2. Your organization was recently the victim of a large-scale phishing attack. Your manager has tasked you with automating response to quickly notify users and, if feasible, automatically block outbound requests to the attacker’s web page. Which of the following will accomplish this goal? A. Email the users to warn them of the phishing attack B. Update URL filters to block the site the phishing attack points to C. Email the users to warn them of the phishing attack and send an email to the security administrator to have him configure a URL filter to block the site that the phishing attack points to D. Implement SOAR or workflows to trigger emails to users and to use threat intelligence to automatically configure URL filters to block the attacker’s site

3. Which of the following are benefits of application allow lists? (Select two.) A. Prevents users and attackers from executing unauthorized applications B. Allows end users to freely use any application that has not been explicitly denied C. Allows organizations to maintain strict control over applications employees can use D. Blocks specific applications from being executed

Answer 1: C. Because your administrators access the servers from the internal network, you don’t need to worry about preventing valid access on SSH port 22 from the outside. As a result, you should just close all inbound requests. Answer B wouldn’t allow the administrators to access the systems even internally. The port for SSH is 22 and not port 21, which is FTP. Answers A, B, and D are incorrect.

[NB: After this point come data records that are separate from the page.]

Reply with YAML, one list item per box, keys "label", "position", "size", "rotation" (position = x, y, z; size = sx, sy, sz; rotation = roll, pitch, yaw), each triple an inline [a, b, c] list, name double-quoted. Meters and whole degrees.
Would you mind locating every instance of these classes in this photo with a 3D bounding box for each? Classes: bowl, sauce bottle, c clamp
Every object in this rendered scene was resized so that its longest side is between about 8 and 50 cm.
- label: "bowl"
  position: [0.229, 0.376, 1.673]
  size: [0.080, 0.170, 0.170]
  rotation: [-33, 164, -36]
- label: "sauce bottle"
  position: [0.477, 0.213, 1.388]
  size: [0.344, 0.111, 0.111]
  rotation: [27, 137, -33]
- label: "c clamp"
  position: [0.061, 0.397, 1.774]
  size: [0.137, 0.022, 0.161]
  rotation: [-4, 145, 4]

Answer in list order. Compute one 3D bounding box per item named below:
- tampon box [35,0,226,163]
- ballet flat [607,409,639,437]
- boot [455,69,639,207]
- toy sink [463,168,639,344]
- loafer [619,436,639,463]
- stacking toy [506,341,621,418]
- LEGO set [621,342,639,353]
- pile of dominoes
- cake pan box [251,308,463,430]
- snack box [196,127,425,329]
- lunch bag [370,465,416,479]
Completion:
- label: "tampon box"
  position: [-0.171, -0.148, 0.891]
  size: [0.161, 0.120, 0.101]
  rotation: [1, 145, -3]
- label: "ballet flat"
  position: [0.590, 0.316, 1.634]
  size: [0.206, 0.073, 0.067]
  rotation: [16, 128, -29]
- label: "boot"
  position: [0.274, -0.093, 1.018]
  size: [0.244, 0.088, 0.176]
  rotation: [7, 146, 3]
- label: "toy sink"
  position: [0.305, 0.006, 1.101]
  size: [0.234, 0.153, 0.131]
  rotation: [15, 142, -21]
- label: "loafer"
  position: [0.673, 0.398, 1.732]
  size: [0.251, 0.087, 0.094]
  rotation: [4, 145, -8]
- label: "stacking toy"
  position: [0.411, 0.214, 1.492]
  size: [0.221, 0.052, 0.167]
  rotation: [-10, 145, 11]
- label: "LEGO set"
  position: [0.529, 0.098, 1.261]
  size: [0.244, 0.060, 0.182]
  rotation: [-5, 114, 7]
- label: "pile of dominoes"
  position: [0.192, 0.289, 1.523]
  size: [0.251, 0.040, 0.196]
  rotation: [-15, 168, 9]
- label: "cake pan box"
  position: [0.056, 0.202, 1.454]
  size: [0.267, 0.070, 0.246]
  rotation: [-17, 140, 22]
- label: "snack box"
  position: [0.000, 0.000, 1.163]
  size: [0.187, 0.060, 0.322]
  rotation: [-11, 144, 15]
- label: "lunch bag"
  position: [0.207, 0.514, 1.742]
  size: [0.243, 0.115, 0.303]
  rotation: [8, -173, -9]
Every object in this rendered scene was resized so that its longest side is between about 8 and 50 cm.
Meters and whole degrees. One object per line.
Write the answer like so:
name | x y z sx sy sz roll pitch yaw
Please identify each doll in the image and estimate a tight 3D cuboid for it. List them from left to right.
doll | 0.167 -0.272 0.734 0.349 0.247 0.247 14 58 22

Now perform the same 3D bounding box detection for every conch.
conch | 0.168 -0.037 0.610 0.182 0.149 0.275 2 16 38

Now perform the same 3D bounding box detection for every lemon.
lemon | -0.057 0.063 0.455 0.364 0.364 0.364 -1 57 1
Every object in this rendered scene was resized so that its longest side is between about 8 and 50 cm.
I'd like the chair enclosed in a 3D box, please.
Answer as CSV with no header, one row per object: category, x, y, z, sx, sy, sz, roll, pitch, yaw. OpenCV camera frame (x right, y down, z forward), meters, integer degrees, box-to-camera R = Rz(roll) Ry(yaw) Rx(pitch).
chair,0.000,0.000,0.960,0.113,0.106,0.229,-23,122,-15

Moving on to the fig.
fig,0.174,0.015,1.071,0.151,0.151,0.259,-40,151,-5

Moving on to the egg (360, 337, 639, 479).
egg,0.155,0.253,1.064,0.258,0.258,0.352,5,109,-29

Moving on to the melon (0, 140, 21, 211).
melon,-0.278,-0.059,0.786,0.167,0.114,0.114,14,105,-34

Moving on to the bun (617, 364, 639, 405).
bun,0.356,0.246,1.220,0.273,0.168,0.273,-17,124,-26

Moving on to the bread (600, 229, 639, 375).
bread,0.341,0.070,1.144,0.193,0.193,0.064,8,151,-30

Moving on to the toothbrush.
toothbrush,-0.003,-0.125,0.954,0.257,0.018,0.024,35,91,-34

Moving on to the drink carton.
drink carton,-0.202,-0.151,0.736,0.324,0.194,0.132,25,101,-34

Answer 2: D. A SOAR platform provides orchestration and automation across systems and would accomplish the goal of automatically providing these functions when tied in with the other systems. Answers A and B are only partial solutions, and answer C doesn’t achieve the goal of automation.
Answer 3: A and C. An application allow list describes what applications can be launched. It thus prevents the execution of unauthorized applications, which are all applications that are not explicitly allowed. Answers B and D describe the explicit block as a result of block/deny list and are incorrect answer choices.